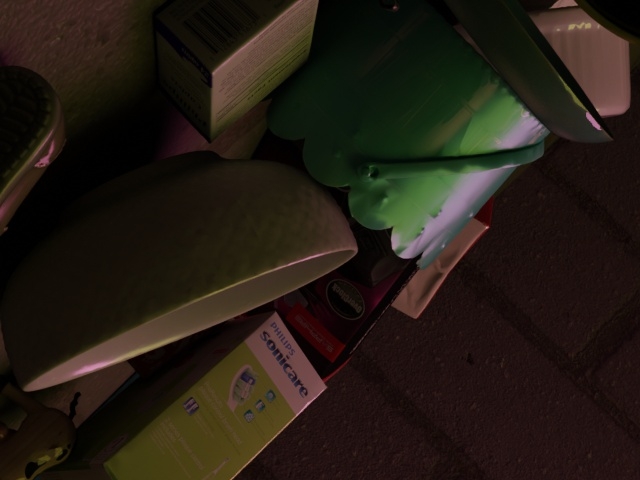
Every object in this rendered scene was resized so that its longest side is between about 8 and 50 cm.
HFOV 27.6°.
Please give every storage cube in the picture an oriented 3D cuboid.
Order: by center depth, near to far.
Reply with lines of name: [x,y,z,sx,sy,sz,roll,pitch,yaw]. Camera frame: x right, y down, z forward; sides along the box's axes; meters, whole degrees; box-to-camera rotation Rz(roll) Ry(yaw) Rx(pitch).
storage cube: [0.103,-0.050,1.730,0.183,0.215,0.193,-55,-169,32]

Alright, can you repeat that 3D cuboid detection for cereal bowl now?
cereal bowl: [-0.144,0.013,1.202,0.339,0.141,0.339,-24,174,-3]

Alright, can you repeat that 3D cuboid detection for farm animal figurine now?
farm animal figurine: [-0.412,0.328,1.406,0.330,0.172,0.327,-50,168,25]

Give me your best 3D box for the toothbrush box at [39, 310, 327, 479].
toothbrush box: [-0.165,0.221,1.534,0.283,0.122,0.206,-40,-167,-32]

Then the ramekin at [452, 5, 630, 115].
ramekin: [0.265,-0.212,1.670,0.277,0.135,0.277,-8,-178,0]

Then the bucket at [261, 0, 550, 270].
bucket: [0.077,-0.127,1.262,0.183,0.281,0.281,-44,170,10]

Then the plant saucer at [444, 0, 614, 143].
plant saucer: [0.158,-0.208,1.189,0.044,0.317,0.317,-38,172,15]

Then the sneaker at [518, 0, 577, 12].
sneaker: [0.357,-0.389,1.813,0.292,0.108,0.169,-41,172,-15]

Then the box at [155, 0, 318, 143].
box: [-0.071,-0.170,1.099,0.126,0.072,0.137,-42,168,-18]

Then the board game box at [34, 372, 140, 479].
board game box: [-0.315,0.320,2.006,0.336,0.079,0.254,-44,170,-4]

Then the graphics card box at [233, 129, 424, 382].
graphics card box: [0.000,0.000,1.580,0.094,0.233,0.371,-35,166,-43]

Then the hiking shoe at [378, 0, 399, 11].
hiking shoe: [0.103,-0.331,0.989,0.304,0.132,0.113,-52,167,33]

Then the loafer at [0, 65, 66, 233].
loafer: [-0.263,-0.008,0.916,0.251,0.094,0.087,-46,165,1]

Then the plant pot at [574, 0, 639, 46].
plant pot: [0.425,-0.403,1.507,0.366,0.366,0.353,-48,-178,13]

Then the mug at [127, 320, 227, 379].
mug: [-0.174,0.087,1.586,0.169,0.113,0.150,-39,167,-14]
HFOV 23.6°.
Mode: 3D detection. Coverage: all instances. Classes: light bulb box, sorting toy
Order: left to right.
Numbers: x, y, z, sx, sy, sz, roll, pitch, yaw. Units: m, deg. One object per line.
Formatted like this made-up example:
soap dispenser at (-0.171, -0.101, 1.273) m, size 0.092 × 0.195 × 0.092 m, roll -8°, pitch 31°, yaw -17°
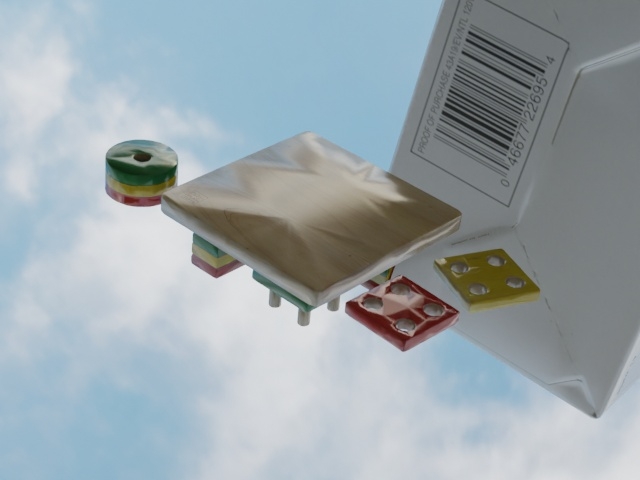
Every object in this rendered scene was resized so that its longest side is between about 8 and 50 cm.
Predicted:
sorting toy at (0.000, 0.000, 0.931) m, size 0.274 × 0.046 × 0.132 m, roll 30°, pitch -140°, yaw 33°
light bulb box at (0.254, -0.121, 1.155) m, size 0.225 × 0.358 × 0.361 m, roll 32°, pitch -143°, yaw 22°
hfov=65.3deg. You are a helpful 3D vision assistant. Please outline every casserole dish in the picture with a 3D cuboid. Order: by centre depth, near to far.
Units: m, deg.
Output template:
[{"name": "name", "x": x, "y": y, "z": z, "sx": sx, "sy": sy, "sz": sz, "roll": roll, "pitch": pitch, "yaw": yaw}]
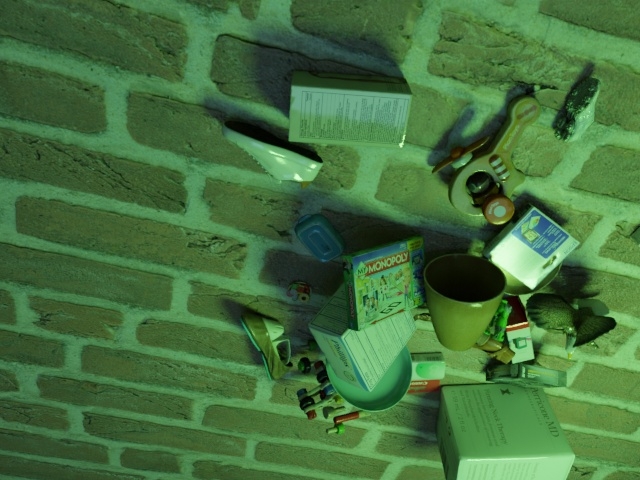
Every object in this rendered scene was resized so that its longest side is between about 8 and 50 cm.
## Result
[{"name": "casserole dish", "x": 0.000, "y": 0.000, "z": 1.557, "sx": 0.114, "sy": 0.037, "sz": 0.188, "roll": -30, "pitch": 120, "yaw": 19}]

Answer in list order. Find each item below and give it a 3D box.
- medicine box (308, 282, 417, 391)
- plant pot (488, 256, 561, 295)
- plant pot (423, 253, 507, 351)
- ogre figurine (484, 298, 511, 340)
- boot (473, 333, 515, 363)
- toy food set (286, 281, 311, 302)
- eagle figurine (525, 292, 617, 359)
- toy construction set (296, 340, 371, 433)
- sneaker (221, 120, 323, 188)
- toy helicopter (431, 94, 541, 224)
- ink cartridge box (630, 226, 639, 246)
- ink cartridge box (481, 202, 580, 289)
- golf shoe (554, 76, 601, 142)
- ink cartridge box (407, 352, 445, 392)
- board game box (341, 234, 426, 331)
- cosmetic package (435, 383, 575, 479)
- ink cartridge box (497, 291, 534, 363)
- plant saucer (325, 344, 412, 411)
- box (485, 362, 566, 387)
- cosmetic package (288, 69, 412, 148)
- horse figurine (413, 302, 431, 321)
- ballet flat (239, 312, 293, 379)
[{"name": "medicine box", "x": 0.141, "y": 0.270, "z": 1.578, "sx": 0.149, "sy": 0.289, "sz": 0.263, "roll": 12, "pitch": 138, "yaw": 45}, {"name": "plant pot", "x": 0.645, "y": 0.068, "z": 1.592, "sx": 0.236, "sy": 0.032, "sz": 0.236, "roll": -1, "pitch": 116, "yaw": -2}, {"name": "plant pot", "x": 0.427, "y": 0.210, "z": 1.537, "sx": 0.237, "sy": 0.237, "sz": 0.254, "roll": -2, "pitch": 124, "yaw": 1}, {"name": "ogre figurine", "x": 0.552, "y": 0.234, "z": 1.641, "sx": 0.096, "sy": 0.197, "sz": 0.118, "roll": 27, "pitch": 99, "yaw": -5}, {"name": "boot", "x": 0.575, "y": 0.367, "z": 1.709, "sx": 0.152, "sy": 0.197, "sz": 0.073, "roll": 33, "pitch": 81, "yaw": 16}, {"name": "toy food set", "x": -0.071, "y": 0.173, "z": 1.683, "sx": 0.082, "sy": 0.020, "sz": 0.083, "roll": 11, "pitch": 124, "yaw": -7}, {"name": "eagle figurine", "x": 0.813, "y": 0.269, "z": 1.600, "sx": 0.226, "sy": 0.225, "sz": 0.298, "roll": -24, "pitch": 142, "yaw": 23}, {"name": "toy construction set", "x": 0.078, "y": 0.535, "z": 1.776, "sx": 0.237, "sy": 0.309, "sz": 0.258, "roll": -2, "pitch": 113, "yaw": -29}, {"name": "sneaker", "x": -0.144, "y": -0.221, "z": 1.362, "sx": 0.290, "sy": 0.106, "sz": 0.123, "roll": 23, "pitch": 119, "yaw": -16}, {"name": "toy helicopter", "x": 0.466, "y": -0.234, "z": 1.367, "sx": 0.235, "sy": 0.140, "sz": 0.355, "roll": 23, "pitch": 111, "yaw": -5}, {"name": "ink cartridge box", "x": 1.043, "y": -0.030, "z": 1.525, "sx": 0.099, "sy": 0.056, "sz": 0.135, "roll": 22, "pitch": 122, "yaw": -15}, {"name": "ink cartridge box", "x": 0.640, "y": 0.021, "z": 1.525, "sx": 0.208, "sy": 0.045, "sz": 0.206, "roll": 33, "pitch": 111, "yaw": -15}, {"name": "golf shoe", "x": 0.693, "y": -0.342, "z": 1.320, "sx": 0.086, "sy": 0.069, "sz": 0.176, "roll": -1, "pitch": 130, "yaw": -24}, {"name": "ink cartridge box", "x": 0.375, "y": 0.525, "z": 1.907, "sx": 0.181, "sy": 0.056, "sz": 0.225, "roll": -4, "pitch": 123, "yaw": 3}, {"name": "board game box", "x": 0.197, "y": 0.117, "z": 1.468, "sx": 0.317, "sy": 0.046, "sz": 0.214, "roll": -14, "pitch": 104, "yaw": -40}, {"name": "cosmetic package", "x": 0.675, "y": 0.779, "z": 1.912, "sx": 0.393, "sy": 0.329, "sz": 0.327, "roll": -3, "pitch": 124, "yaw": 1}, {"name": "ink cartridge box", "x": 0.654, "y": 0.286, "z": 1.693, "sx": 0.078, "sy": 0.134, "sz": 0.231, "roll": -16, "pitch": 122, "yaw": 11}, {"name": "plant saucer", "x": 0.162, "y": 0.420, "z": 1.704, "sx": 0.317, "sy": 0.318, "sz": 0.044, "roll": 16, "pitch": 151, "yaw": -11}, {"name": "box", "x": 0.736, "y": 0.491, "z": 1.806, "sx": 0.183, "sy": 0.056, "sz": 0.231, "roll": 11, "pitch": 161, "yaw": -7}, {"name": "cosmetic package", "x": 0.070, "y": -0.334, "z": 1.273, "sx": 0.296, "sy": 0.129, "sz": 0.153, "roll": 4, "pitch": 126, "yaw": -4}, {"name": "horse figurine", "x": 0.416, "y": 0.187, "z": 1.667, "sx": 0.174, "sy": 0.066, "sz": 0.263, "roll": 31, "pitch": 114, "yaw": -15}, {"name": "ballet flat", "x": -0.175, "y": 0.361, "z": 1.769, "sx": 0.124, "sy": 0.116, "sz": 0.342, "roll": -24, "pitch": 124, "yaw": -8}]
──────
## WHAT NEEDS TO BE DONE
Every line above from the line with "- toy helicopter (431, 94, 541, 224)" to the line with "- horse figurine (413, 302, 431, 321)" is wanted, ends included; write them out exactly and add no other line.

## TASK SOLUTION
- toy helicopter (431, 94, 541, 224)
- ink cartridge box (630, 226, 639, 246)
- ink cartridge box (481, 202, 580, 289)
- golf shoe (554, 76, 601, 142)
- ink cartridge box (407, 352, 445, 392)
- board game box (341, 234, 426, 331)
- cosmetic package (435, 383, 575, 479)
- ink cartridge box (497, 291, 534, 363)
- plant saucer (325, 344, 412, 411)
- box (485, 362, 566, 387)
- cosmetic package (288, 69, 412, 148)
- horse figurine (413, 302, 431, 321)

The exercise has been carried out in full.